__ACTION ITEM__
What lines in the records below include the word "blind"? Return each one.

★ ★ ★ ★ ★ ★ ★

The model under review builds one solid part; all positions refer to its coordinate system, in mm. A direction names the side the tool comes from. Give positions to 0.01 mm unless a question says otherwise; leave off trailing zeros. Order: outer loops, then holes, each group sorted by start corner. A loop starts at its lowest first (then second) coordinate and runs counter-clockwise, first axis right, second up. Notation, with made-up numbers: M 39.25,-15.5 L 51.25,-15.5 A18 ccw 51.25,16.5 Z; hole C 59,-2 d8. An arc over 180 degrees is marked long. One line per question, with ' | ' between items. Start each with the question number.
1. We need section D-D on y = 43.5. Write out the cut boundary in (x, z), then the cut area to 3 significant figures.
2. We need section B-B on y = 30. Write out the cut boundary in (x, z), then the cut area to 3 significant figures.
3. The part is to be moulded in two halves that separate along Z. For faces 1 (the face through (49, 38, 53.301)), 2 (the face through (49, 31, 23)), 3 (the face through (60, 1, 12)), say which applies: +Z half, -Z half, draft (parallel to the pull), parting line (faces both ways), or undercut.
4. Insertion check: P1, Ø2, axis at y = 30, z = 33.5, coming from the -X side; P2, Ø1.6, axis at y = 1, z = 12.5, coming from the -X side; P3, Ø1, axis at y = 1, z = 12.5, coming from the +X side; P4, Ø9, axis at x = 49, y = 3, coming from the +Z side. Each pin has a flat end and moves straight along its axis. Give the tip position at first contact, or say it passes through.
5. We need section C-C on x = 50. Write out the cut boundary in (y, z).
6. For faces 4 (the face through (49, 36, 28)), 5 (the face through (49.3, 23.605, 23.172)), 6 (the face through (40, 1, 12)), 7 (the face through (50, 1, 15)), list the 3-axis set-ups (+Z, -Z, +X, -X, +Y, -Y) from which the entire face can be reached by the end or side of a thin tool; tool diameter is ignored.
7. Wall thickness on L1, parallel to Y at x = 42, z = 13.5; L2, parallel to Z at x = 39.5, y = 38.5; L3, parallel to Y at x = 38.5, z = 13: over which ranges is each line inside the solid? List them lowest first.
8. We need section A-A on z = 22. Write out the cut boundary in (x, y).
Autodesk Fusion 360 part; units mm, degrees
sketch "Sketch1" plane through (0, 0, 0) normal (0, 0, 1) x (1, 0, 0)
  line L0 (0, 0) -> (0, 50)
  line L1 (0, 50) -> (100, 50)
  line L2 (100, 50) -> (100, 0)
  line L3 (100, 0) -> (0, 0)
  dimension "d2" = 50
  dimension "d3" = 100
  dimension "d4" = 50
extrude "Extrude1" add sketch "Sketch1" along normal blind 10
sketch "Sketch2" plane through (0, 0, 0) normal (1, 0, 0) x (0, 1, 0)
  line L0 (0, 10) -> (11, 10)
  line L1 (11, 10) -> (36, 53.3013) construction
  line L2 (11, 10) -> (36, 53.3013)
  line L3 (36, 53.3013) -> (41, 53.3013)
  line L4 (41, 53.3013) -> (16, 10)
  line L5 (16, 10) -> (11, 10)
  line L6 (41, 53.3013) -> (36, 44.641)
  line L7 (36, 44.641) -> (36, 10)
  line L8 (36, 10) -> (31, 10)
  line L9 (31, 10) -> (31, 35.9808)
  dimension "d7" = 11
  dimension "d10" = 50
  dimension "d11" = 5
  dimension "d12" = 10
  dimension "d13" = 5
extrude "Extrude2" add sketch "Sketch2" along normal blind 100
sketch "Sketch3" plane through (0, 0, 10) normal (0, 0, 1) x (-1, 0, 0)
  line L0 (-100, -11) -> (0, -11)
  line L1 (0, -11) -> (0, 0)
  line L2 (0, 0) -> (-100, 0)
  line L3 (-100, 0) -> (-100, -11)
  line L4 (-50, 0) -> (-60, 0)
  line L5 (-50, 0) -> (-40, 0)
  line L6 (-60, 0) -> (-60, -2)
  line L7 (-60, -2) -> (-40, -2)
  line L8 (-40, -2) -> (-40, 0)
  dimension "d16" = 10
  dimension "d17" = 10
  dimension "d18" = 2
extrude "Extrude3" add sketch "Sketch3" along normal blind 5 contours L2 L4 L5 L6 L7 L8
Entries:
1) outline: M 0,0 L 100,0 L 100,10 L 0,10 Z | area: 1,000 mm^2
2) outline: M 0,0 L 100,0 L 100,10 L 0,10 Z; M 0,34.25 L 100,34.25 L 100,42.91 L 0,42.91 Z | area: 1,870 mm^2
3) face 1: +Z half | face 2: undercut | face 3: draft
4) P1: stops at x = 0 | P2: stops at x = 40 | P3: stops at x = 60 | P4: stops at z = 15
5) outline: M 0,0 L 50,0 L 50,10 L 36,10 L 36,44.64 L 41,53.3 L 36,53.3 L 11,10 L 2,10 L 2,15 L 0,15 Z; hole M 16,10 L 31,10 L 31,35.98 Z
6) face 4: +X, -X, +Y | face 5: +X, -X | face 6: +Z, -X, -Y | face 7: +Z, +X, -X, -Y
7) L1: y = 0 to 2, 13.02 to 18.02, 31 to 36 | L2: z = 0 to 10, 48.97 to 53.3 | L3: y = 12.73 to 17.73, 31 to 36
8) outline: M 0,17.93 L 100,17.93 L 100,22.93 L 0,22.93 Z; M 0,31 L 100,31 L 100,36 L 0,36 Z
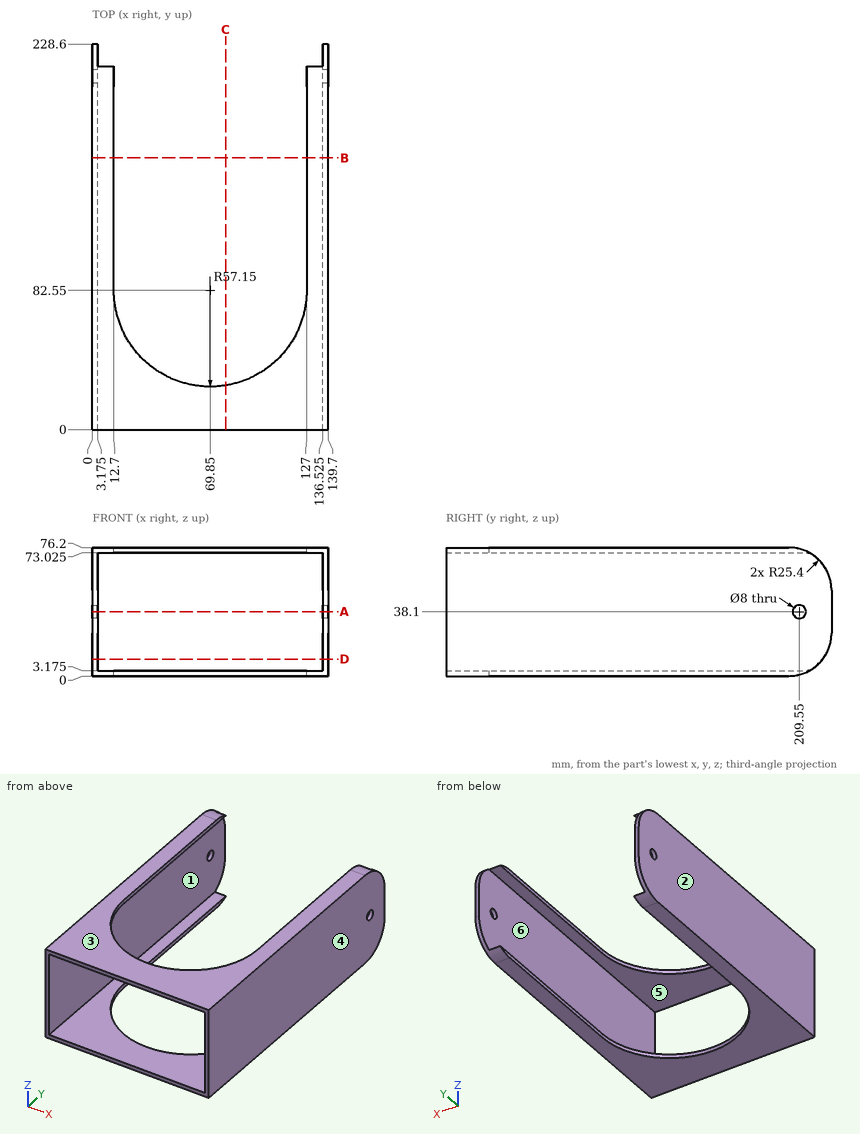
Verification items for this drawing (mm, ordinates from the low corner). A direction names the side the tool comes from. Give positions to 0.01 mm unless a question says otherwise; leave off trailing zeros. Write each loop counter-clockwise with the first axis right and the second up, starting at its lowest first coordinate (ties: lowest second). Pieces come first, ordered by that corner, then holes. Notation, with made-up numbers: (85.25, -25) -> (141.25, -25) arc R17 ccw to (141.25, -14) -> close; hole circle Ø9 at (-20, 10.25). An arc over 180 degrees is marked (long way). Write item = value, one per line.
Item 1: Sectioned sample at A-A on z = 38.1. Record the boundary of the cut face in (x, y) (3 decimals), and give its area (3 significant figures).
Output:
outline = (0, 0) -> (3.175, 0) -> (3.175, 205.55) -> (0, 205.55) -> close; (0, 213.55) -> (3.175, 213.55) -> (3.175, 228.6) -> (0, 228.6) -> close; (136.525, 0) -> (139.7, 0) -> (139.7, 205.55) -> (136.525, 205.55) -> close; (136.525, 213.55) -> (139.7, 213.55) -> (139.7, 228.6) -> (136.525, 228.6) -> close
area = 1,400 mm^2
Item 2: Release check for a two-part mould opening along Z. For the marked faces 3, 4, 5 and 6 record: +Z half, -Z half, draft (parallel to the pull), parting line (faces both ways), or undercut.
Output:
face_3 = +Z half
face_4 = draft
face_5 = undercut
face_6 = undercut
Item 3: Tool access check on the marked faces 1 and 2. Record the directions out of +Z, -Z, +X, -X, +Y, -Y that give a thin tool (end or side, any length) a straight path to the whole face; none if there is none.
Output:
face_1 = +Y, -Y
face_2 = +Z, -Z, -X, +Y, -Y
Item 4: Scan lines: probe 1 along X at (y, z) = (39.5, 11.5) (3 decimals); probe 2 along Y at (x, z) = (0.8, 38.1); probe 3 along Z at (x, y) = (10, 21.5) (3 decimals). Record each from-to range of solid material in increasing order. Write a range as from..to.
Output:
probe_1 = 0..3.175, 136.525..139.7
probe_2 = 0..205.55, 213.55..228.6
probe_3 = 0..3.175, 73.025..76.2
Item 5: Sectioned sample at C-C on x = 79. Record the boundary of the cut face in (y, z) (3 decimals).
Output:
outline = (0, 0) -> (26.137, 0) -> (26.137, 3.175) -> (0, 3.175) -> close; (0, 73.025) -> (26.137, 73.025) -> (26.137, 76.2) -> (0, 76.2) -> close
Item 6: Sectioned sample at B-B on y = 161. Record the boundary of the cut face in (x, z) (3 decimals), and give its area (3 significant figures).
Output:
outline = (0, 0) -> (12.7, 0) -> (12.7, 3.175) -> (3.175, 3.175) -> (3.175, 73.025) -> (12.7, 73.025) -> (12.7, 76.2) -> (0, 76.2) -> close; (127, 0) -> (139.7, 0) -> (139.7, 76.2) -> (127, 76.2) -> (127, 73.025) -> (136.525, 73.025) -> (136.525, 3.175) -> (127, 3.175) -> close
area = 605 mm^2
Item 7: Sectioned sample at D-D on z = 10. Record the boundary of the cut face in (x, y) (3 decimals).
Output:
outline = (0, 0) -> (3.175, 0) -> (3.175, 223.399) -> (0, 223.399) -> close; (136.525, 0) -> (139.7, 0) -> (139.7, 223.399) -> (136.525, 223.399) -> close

★ ★ ★ ★ ★ ★ ★

__SOLUTION FOR THIS PROBLEM__
extrude "Extrude1" add sketch "Sketch1" along normal blind 10
extrude "Extrude2" add sketch "Sketch2" along normal blind 100
extrude "Extrude3" add sketch "Sketch3" along normal blind 5 contours L2 L4 L5 L6 L7 L8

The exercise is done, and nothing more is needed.